Мусатов приобщался к новому течению, знакомясь с произведениями художников этой блестящей плеяды. В круг его впечатлений входили обаяние юности, свежесть и чистота цвета «Девочки с персиками», новаторская живопись «Девушки, освещенной солнцем», где мазок казался трепетным, а свет, заливая всю картину, делал тени синими и прозрачными, пейзажи и жанры К.Коровина, с чутко уловленными художником градациями цвета, образная ясность и мягкая поэтичность бытовых сцен Архипова, «Пустынник» и «Видение отроку Варфоломею» Нестерова с их слиянием человека и природы, чисто русской лиричной мелодией и музыкальными ритмами»10— это наблюдение искусствоведа А.Русаковой примем как справедливое.
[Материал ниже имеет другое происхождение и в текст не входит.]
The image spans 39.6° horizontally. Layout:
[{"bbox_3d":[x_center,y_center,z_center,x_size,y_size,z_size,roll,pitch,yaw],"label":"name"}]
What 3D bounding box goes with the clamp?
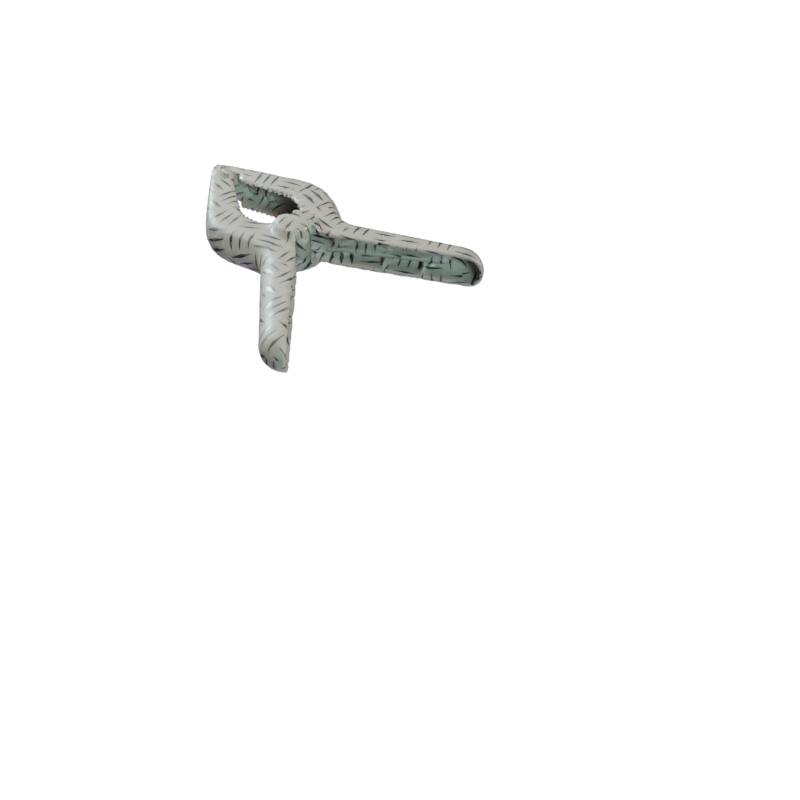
[{"bbox_3d":[-0.058,-0.107,0.747,0.163,0.034,0.227,-19,43,-23],"label":"clamp"}]
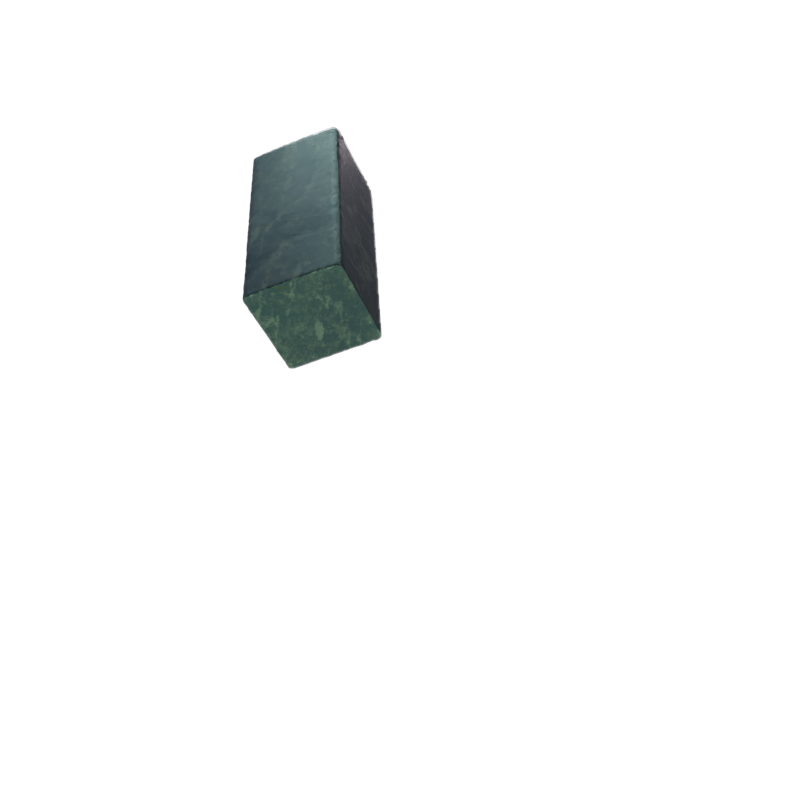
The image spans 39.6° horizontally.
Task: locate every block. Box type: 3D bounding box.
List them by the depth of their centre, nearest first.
[{"bbox_3d":[-0.077,-0.142,0.991,0.091,0.221,0.084,-20,-50,13],"label":"block"}]
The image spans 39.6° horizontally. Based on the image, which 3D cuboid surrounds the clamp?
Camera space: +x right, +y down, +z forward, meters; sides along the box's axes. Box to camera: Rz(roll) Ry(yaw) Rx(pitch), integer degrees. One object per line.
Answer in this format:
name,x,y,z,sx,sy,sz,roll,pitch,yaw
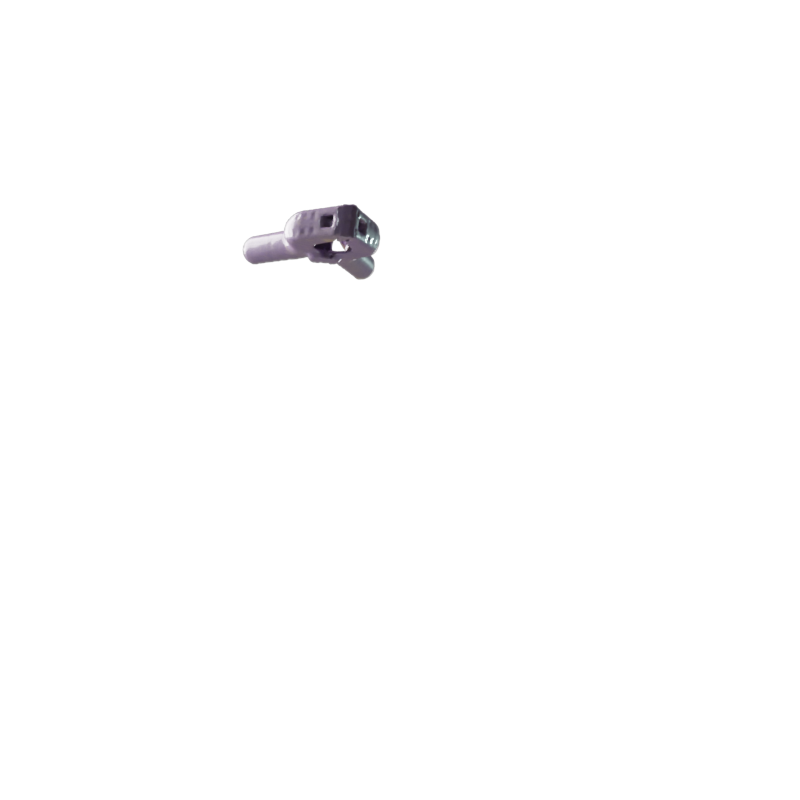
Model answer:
clamp,-0.074,-0.134,0.940,0.119,0.040,0.168,1,-8,-6
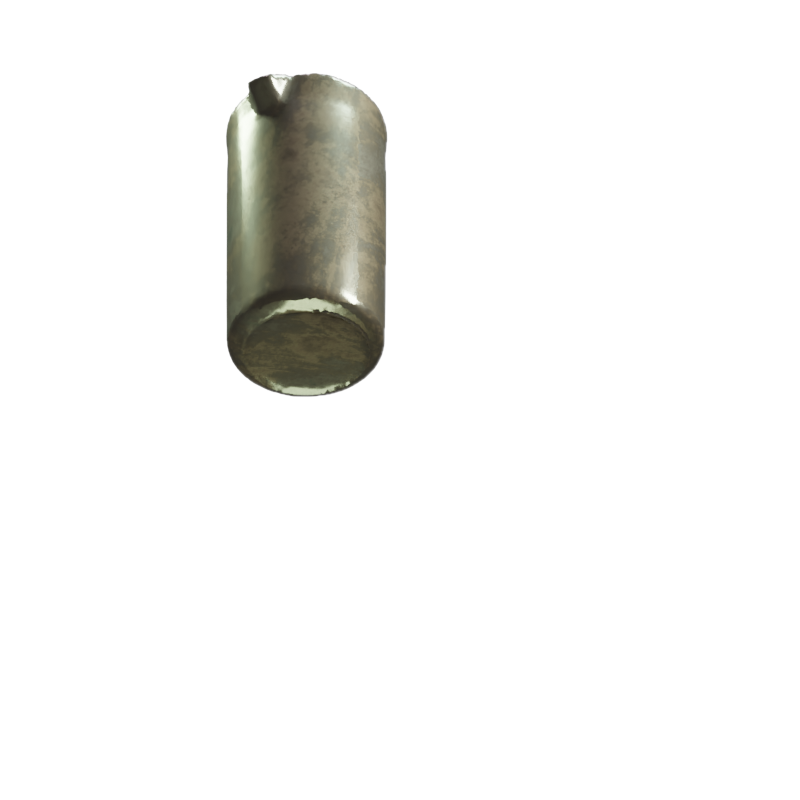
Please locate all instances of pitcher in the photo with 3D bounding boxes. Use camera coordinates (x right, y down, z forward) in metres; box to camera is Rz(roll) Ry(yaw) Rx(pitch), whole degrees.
[{"bbox_3d":[-0.066,-0.120,0.842,0.145,0.261,0.139,13,-45,-17],"label":"pitcher"}]
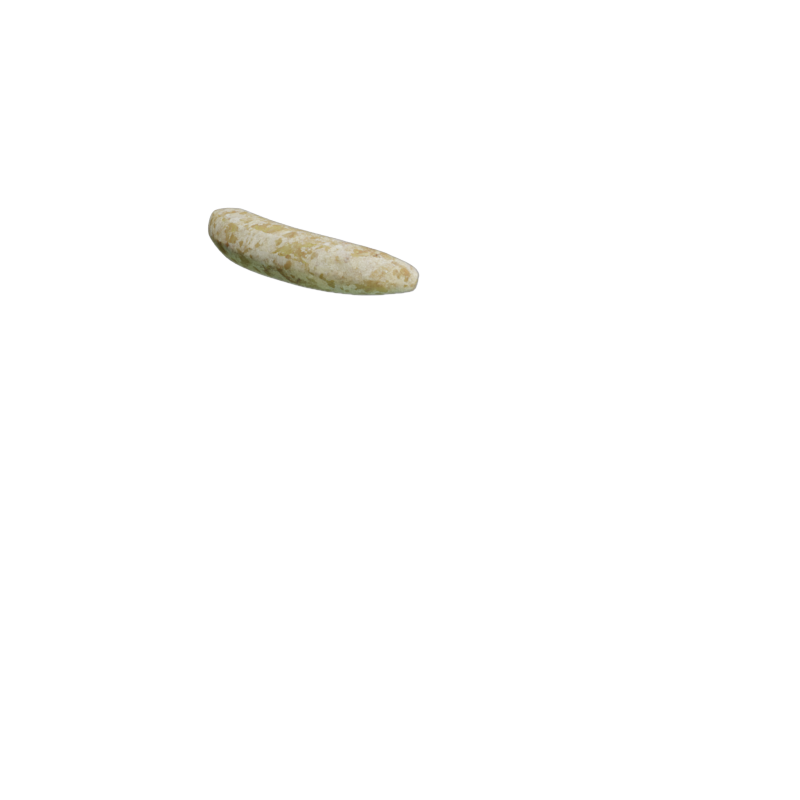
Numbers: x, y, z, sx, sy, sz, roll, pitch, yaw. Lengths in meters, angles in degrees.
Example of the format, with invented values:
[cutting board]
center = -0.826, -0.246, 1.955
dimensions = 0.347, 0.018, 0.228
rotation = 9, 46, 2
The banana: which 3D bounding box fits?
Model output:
[banana]
center = -0.077, -0.107, 0.772
dimensions = 0.068, 0.035, 0.211
rotation = -19, 32, -37

Однако форма формою, но неужели содержание увиденного не увлекало его за собою? Без сомнения, начиная жизнь в искусстве, он не мог не следовать в чём-то за теми же передвижниками, потом за импрессионистами, но в зрелый период Борисов-Мусатов шёл своим путем, в одиночестве. Следует признать правоту многих — и современников художника, и позднейших исследователей: в русской живописи Борисов-Мусатов совсем одинок. Эта мысль не будет казаться излишне категоричной и неприемлемой, если понятие «одиночество» заменить синонимичным ему в данном случае «своеобразием». Итак: Борисов-Мусатов в русском искусстве исключительно своеобразен. Так, пожалуй, звучит более привлекательно.

Но тут неизбежен вопрос: в чём же своеобразие его жизни в искусстве? Собственно, вся книга и является попыткой осмысления этого вопроса. Попытаемся обозреть проблему в целом — пока лишь в первом приближении.

Можно бы сказать о Борисове-Мусатове коротко — вслед за К.Петровым-Водкиным (он для нас здесь авторитет бесспорный): «Художник колоссальных данных в цветопонимании»11. Или вместе с биографом Н.Н.Врангелем: «Поэт цветовых грез»12.

«Краскам он поклонялся»13,— свидетельствует один из близких друзей художника, его первый биограф Вл. Станюкович.

Всё это, бесспорно, верно, но мало ещё что объясняет — и может стать лишь исходным моментом наших размышлений. Помогает глубже понять проблему одно несколько странное на первый взгляд высказывание П.П.Чистякова: «Или живопись может органически перестроить человека, или она только эстетическое баловство, которым и заниматься всерьёз не следует»14.